**WHAT THE TASK REQUIRES**
Will you write out the data exactly, excluding every picture?

**RECORDS PROVIDED**
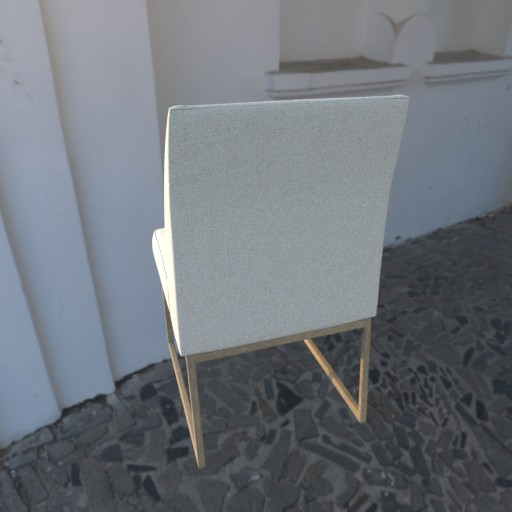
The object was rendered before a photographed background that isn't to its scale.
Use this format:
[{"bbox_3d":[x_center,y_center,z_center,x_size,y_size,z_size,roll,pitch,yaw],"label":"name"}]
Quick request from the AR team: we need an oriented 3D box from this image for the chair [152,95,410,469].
[{"bbox_3d":[0.000,0.000,1.194,0.508,0.863,0.522,-9,28,-16],"label":"chair"}]
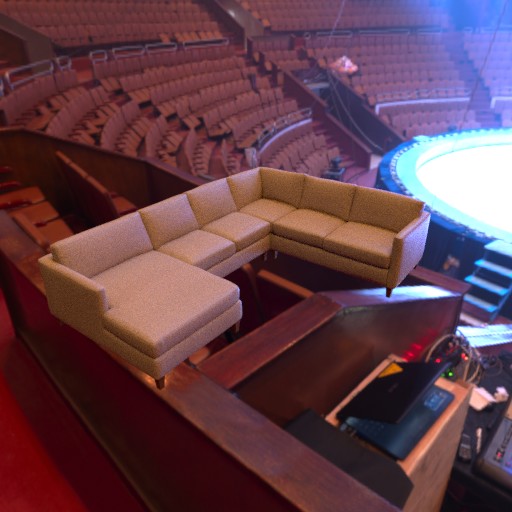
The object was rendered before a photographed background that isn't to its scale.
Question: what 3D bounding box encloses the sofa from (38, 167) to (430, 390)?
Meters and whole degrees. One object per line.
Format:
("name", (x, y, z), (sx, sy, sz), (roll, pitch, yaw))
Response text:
("sofa", (0.000, 0.000, 4.771), (2.594, 0.961, 3.460), (19, 33, 33))
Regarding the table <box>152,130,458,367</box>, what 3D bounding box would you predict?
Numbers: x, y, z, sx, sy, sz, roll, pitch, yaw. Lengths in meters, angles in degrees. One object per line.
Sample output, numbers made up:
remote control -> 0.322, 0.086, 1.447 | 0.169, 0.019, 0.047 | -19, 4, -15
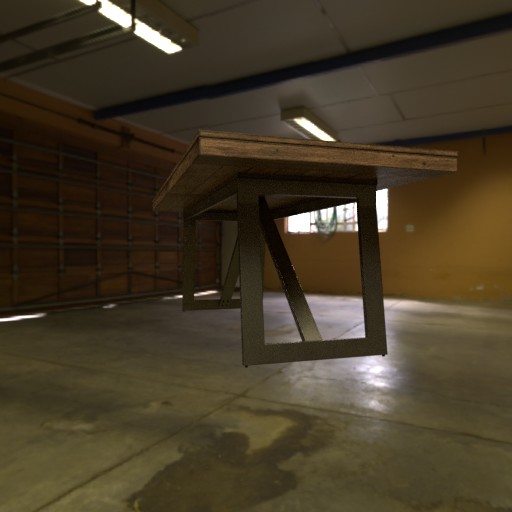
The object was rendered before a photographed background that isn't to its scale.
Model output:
table -> 0.000, 0.000, 2.338 | 0.931, 0.757, 1.867 | 0, 0, -17
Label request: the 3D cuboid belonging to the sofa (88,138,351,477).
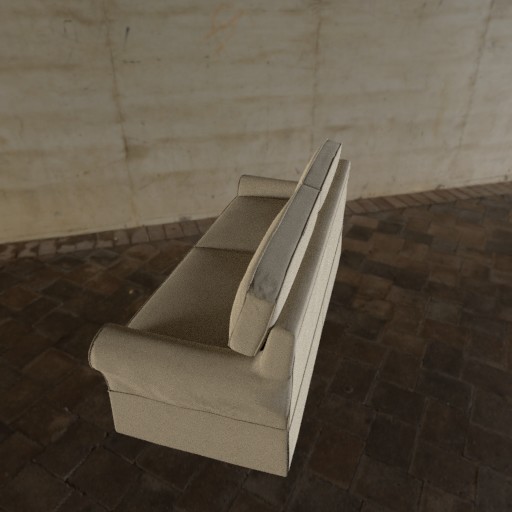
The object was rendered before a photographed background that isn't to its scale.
[{"bbox_3d":[0.000,0.000,2.723,0.900,1.014,2.246,8,31,14],"label":"sofa"}]

**RESPONSE TO THE TASK**
The object was rendered before a photographed background that isn't to its scale.
Use this format:
[{"bbox_3d":[x_center,y_center,z_center,x_size,y_size,z_size,roll,pitch,yaw],"label":"name"}]
Quick request from the AR team: we need an oriented 3D box from this image for the chair [152,95,410,469].
[{"bbox_3d":[0.000,0.000,1.194,0.508,0.863,0.522,-9,28,-16],"label":"chair"}]
The object was rendered before a photographed background that isn't to its scale.
Question: what 3D bounding box encloses the sofa from (38, 167) to (430, 390)?
Meters and whole degrees. One object per line.
Format:
("name", (x, y, z), (sx, sy, sz), (roll, pitch, yaw))
Response text:
("sofa", (0.000, 0.000, 4.771), (2.594, 0.961, 3.460), (19, 33, 33))
Regarding the table <box>152,130,458,367</box>, what 3D bounding box would you predict?
Numbers: x, y, z, sx, sy, sz, roll, pitch, yaw. Lengths in meters, angles in degrees. One object per line.
Sample output, numbers made up:
remote control -> 0.322, 0.086, 1.447 | 0.169, 0.019, 0.047 | -19, 4, -15
The object was rendered before a photographed background that isn't to its scale.
Model output:
table -> 0.000, 0.000, 2.338 | 0.931, 0.757, 1.867 | 0, 0, -17
Label request: the 3D cuboid belonging to the sofa (88,138,351,477).
The object was rendered before a photographed background that isn't to its scale.
[{"bbox_3d":[0.000,0.000,2.723,0.900,1.014,2.246,8,31,14],"label":"sofa"}]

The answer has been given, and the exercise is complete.